October Visit (10/8/2018)

It was great to be back in the canyon after nearly a yearlong absence, having just moved back from the East Coast.  I was there on a short trip, but enjoyed the quiet autumn stillness in the morning before the full heat of the day.

Oct2018Sketchbook1

Oct2018Sketchbook2

January Visit (1/27/2017)

After the first very wet winter in a long time, it was deeply satisfying to see Cold Creek full of water and energy.

ColdCreekRushing_2017Jan27_sm

Little tributaries to Cold Creek were full of water, and an early wildflower (milk maids, Cardamine californica) was abundant along the trail.

Tributary_2017Jan27_sm.jpg

The leaves of last spring’s foothill mule-ears (Wyethia helenoides) had dried so that only the veins were left, making a delicate lace.

DryMulesEars_2017Jan27_sm

It appears that toyons (Heteromeles arbutifolia) that resprouted after the fire did not flower their first spring.  A toyon at the place where the trail crosses the creek had not burned and did produce fruit last fall.

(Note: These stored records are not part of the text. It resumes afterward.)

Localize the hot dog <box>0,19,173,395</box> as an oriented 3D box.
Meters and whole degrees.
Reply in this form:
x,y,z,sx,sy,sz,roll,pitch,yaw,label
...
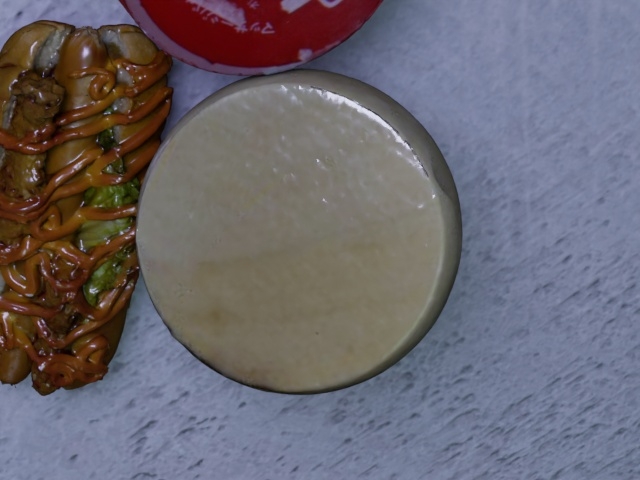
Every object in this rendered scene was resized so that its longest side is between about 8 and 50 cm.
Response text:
x,y,z,sx,sy,sz,roll,pitch,yaw,label
-0.210,-0.013,1.261,0.158,0.117,0.349,4,122,-25,hot dog

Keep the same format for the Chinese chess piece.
x,y,z,sx,sy,sz,roll,pitch,yaw,label
-0.016,-0.007,1.192,0.250,0.097,0.251,1,97,10,Chinese chess piece

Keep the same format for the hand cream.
x,y,z,sx,sy,sz,roll,pitch,yaw,label
-0.059,-0.247,1.132,0.230,0.149,0.230,-12,128,-16,hand cream
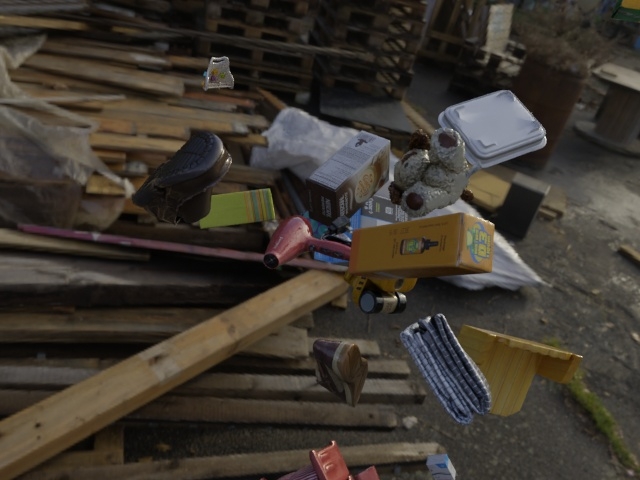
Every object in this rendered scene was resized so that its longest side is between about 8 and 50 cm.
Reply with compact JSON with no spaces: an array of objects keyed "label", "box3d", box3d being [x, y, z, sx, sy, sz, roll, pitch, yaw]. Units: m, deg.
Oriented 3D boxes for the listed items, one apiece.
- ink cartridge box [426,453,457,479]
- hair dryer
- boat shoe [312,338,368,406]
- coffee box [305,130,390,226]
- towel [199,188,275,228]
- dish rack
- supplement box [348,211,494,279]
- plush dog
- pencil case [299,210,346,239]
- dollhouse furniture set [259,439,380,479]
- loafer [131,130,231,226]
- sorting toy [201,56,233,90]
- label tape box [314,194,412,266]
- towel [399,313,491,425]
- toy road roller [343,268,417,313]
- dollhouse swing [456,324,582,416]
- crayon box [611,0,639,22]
[{"label":"ink cartridge box","box3d":[0.291,0.547,1.418,0.048,0.083,0.028,-16,29,27]},{"label":"hair dryer","box3d":[0.000,0.000,1.293,0.294,0.080,0.224,-15,26,-29]},{"label":"boat shoe","box3d":[0.047,0.356,1.626,0.123,0.342,0.123,15,65,20]},{"label":"coffee box","box3d":[0.077,-0.160,1.565,0.098,0.141,0.246,27,54,28]},{"label":"towel","box3d":[-0.263,-0.099,1.852,0.237,0.102,0.021,-8,-3,-18]},{"label":"dish rack","box3d":[0.619,-0.414,2.115,0.333,0.072,0.285,-21,63,-17]},{"label":"supplement box","box3d":[0.144,0.015,0.892,0.080,0.078,0.233,15,-14,-33]},{"label":"plush dog","box3d":[0.306,-0.188,1.705,0.211,0.262,0.225,21,8,-43]},{"label":"pencil case","box3d":[0.009,-0.024,1.631,0.065,0.070,0.151,-11,48,-46]},{"label":"dollhouse furniture set","box3d":[0.008,0.530,1.278,0.152,0.201,0.374,62,15,19]},{"label":"loafer","box3d":[-0.260,-0.113,1.204,0.130,0.366,0.133,41,65,-21]},{"label":"sorting toy","box3d":[-0.250,-0.407,1.441,0.045,0.075,0.083,38,36,29]},{"label":"label tape box","box3d":[0.158,-0.030,2.082,0.348,0.249,0.115,13,-16,-32]},{"label":"towel","box3d":[0.338,0.323,1.549,0.283,0.121,0.235,59,11,14]},{"label":"toy road roller","box3d":[0.237,0.132,2.389,0.203,0.329,0.241,6,23,-44]},{"label":"dollhouse swing","box3d":[0.655,0.489,2.095,0.347,0.304,0.315,15,-2,-9]},{"label":"crayon box","box3d":[0.748,-0.509,1.177,0.279,0.165,0.081,14,6,12]}]

I looked at the different patterns of regrowth in gray pine (Pinus sabiniana).

PineRegrowthEtc_2017Jan27_sm

Toyon berries were the primary food in the scat of what was likely a gray fox (Urocyon cinereoargenteus), as it was left on a rock in the middle of the trail.  It is possible that the scat was from a coyote (Canis latrans), but because gray foxes are known for finding prominent spots to mark with scat, fox is my first guess.

FoxScatEtc_2017Jan27_sm

August Visit (8/25/2016)

A hot and dry August day: first I noticed that heavy stillness particular to the very hot days of California summer, and then started paying attention to all of the active insects.  Grasshoppers took off in all directions to escape as I walked along the trail and butterflies of all sizes were abundant.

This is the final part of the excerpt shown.